Good to hear. Slightly off topic, but VDA-1102 is a PPI disrupter that allosterically binds to HKII, and causes it to dissociate from VDAC1 http://www.vidacpharma.com/pipeline/pipeline
A new update: ''It has now been over a year since we have published an official KoDiscovery update for you, Dr. Ko’s supporters and followers. Some of you have contacted us to find out if any progress was being made and if Dr. Ko was still moving forward. The relative silence that we’ve had to maintain during 2019 has been to provide the time needed to bring together the various individuals with the skills, passion, resources and commitment to help facilitate her best path forward. If you know anything about Dr. Ko, you can be certain that the reason for her lack of updates is NOT because she has been idle and waiting for something to happen. On the contrary, she has been busier than ever on multiple fronts to position KoDiscovery to take the next essential steps toward her ultimate goal, i.e., FDA clearance for her anticancer therapeutics.
While Dr. Ko is continuing her efforts to develop a new class of anticancer therapeutics by following FDA guidelines and regulations, she also has been working on a possible path to make her anticancer therapeutics available to cancer patients who are looking for additional treatment options. At this point, we are estimating that this alternative pathway will be feasible in the EU within this year in 2020!''
Very exciting! Two new formulations for 3-BP in the pre-pubmed stage. Amazing that one of these achieves entry without MCT-1. Almost by definition that will be very powerful.
3-Bromopyruvate-Conjugated Nanoplatform-Induced Pro-Death Autophagy for Enhanced Photodynamic Therapy against Hypoxic Tumor
@jcancom Hey J, have u seen this? 2017, but interesting https://yufoundation.org/scientific-information/pdfs-powerpoints/2-uncategorised/30-therapeutic-efficacy-of-3-bp
3-BP has a gofundme campaign.
Is this a new one or this is the same they started some years ago?
Hey guys (@jcancom and friends)
I haven't seen this before:
Great overview on the work of dr. Ko in Korea with the new company (starting with slide 27)
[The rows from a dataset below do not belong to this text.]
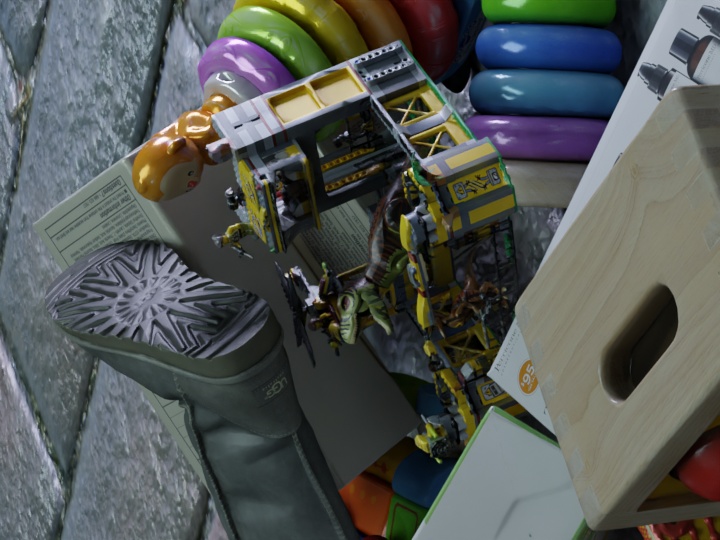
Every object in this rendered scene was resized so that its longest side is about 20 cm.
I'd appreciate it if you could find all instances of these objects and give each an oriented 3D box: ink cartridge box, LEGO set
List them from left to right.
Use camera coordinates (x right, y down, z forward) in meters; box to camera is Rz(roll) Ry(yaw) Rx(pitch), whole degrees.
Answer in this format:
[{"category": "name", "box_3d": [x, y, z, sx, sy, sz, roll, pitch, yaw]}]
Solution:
[{"category": "LEGO set", "box_3d": [0.000, 0.000, 1.229, 0.200, 0.116, 0.154, 83, 161, -52]}, {"category": "ink cartridge box", "box_3d": [0.066, 0.149, 1.245, 0.117, 0.067, 0.200, -59, -13, -11]}]

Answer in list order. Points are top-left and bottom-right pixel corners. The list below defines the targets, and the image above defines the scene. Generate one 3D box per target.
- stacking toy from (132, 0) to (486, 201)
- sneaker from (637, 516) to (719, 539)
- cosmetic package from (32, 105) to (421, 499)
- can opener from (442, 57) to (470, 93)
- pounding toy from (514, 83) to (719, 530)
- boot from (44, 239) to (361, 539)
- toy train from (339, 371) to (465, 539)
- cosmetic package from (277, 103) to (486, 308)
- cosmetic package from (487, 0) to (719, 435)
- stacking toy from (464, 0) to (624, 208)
[{"category": "stacking toy", "box_3d": [-0.038, -0.097, 1.287, 0.110, 0.200, 0.116, 40, 150, 10]}, {"category": "sneaker", "box_3d": [0.138, 0.070, 1.207, 0.077, 0.073, 0.200, 91, 167, -50]}, {"category": "cosmetic package", "box_3d": [-0.070, 0.027, 1.374, 0.103, 0.073, 0.200, -28, 97, 49]}, {"category": "can opener", "box_3d": [0.017, -0.188, 1.408, 0.079, 0.063, 0.201, 156, 107, -76]}, {"category": "pounding toy", "box_3d": [0.168, 0.019, 0.976, 0.200, 0.183, 0.143, 122, 137, -51]}, {"category": "boot", "box_3d": [-0.066, 0.092, 1.316, 0.182, 0.073, 0.200, 28, 150, 51]}, {"category": "toy train", "box_3d": [0.013, 0.107, 1.456, 0.200, 0.084, 0.116, 21, 102, 63]}, {"category": "cosmetic package", "box_3d": [-0.028, -0.009, 1.433, 0.104, 0.073, 0.200, 55, 141, 0]}, {"category": "cosmetic package", "box_3d": [0.131, -0.021, 1.129, 0.083, 0.051, 0.201, 42, 111, 54]}, {"category": "stacking toy", "box_3d": [0.091, -0.131, 1.253, 0.085, 0.085, 0.201, -171, 83, -64]}]
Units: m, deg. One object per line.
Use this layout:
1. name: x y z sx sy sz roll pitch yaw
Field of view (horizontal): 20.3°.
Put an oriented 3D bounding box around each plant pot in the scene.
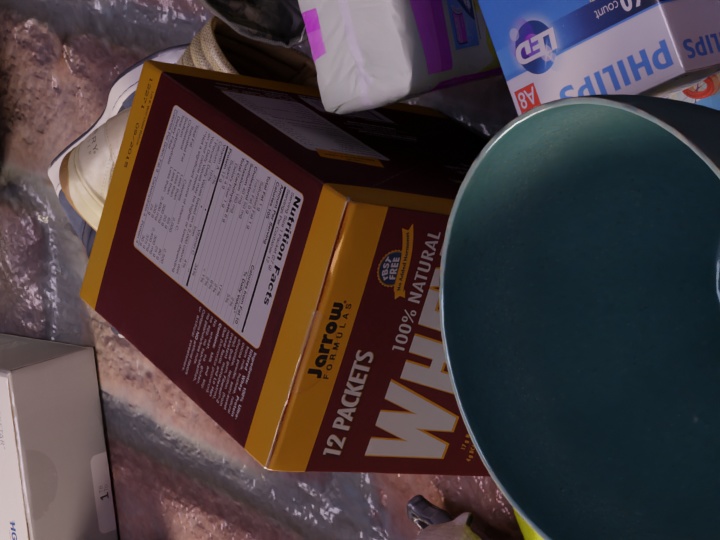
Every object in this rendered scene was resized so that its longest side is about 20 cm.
1. plant pot: 0.148 0.019 0.864 0.199 0.134 0.202 17 112 48

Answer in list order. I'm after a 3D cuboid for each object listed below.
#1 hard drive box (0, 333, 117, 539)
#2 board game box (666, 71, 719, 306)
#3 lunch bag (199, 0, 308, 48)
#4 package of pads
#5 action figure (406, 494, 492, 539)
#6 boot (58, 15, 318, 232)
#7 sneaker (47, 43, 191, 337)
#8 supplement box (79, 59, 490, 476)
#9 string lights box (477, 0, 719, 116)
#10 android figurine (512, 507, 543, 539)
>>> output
1. hard drive box: -0.274 0.130 1.482 0.199 0.076 0.157 7 106 46
2. board game box: 0.183 -0.120 0.934 0.197 0.056 0.200 58 135 18
3. lunch bag: -0.079 -0.221 1.097 0.201 0.117 0.164 59 179 -18
4. package of pads: 0.023 -0.190 1.015 0.068 0.154 0.202 -10 96 35
5. action figure: 0.066 0.226 1.122 0.200 0.104 0.195 30 137 49
6. boot: -0.055 -0.042 1.164 0.200 0.073 0.155 41 122 -15
7. sneaker: -0.118 -0.042 1.257 0.202 0.076 0.147 -42 63 51
8. supplement box: 0.000 0.000 1.021 0.200 0.196 0.134 36 114 49
9. string lights box: 0.096 -0.171 0.927 0.102 0.059 0.202 -24 84 46
10. android figurine: 0.141 0.104 1.055 0.182 0.041 0.201 -32 77 46
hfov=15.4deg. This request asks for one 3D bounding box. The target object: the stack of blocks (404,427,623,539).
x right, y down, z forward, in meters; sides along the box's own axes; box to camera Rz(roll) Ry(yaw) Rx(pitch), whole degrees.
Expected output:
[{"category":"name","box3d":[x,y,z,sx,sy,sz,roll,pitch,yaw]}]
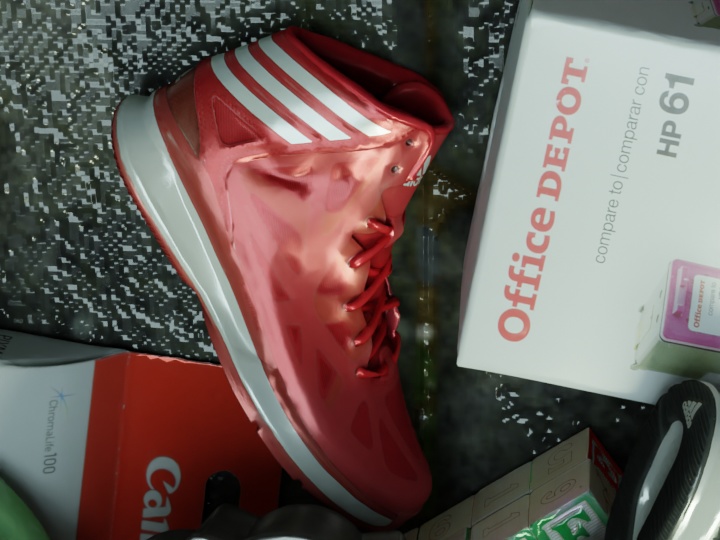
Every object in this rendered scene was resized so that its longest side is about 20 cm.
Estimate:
[{"category":"stack of blocks","box3d":[0.110,0.125,1.059,0.199,0.059,0.115,-31,106,18]}]

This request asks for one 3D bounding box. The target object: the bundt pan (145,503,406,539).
[{"category":"bundt pan","box3d":[-0.029,0.176,1.021,0.200,0.076,0.203,2,110,6]}]

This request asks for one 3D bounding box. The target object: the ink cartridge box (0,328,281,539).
[{"category":"ink cartridge box","box3d":[-0.138,0.105,1.086,0.199,0.057,0.164,11,114,7]}]

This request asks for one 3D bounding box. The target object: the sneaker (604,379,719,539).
[{"category":"sneaker","box3d":[0.136,0.134,0.987,0.115,0.076,0.201,14,128,-14]}]

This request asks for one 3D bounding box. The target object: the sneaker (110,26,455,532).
[{"category":"sneaker","box3d":[0.000,0.000,1.009,0.115,0.078,0.201,-27,109,18]}]

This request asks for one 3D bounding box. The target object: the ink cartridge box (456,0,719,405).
[{"category":"ink cartridge box","box3d":[0.143,-0.023,0.978,0.199,0.085,0.145,11,115,3]}]

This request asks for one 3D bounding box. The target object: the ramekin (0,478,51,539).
[{"category":"ramekin","box3d":[-0.216,0.163,1.042,0.199,0.098,0.201,2,115,5]}]

Specifically nice to see the case reports presented towards the end of the presentation on Melanoma, Blader Cancer, Neuroendocrine cancer
@daniel Thanks. Hopefully, there will be some more case reports, or a series published in the (near) future.
As for development, I hope they have the right team and enough resources in place. It makes sense to prioritise NSCLC, as even with the current SOC (the addition of an anti-PD(L)-1 to platinum-based chemo regimens), only some patients experience long-term benefit. Most (~70%) experience disease progression within about a year of starting treatment, and the majority of this is caused by acquired resistance (85%).
Topical use for melanoma should be on the back-burner (imo) due to the treatment landscape.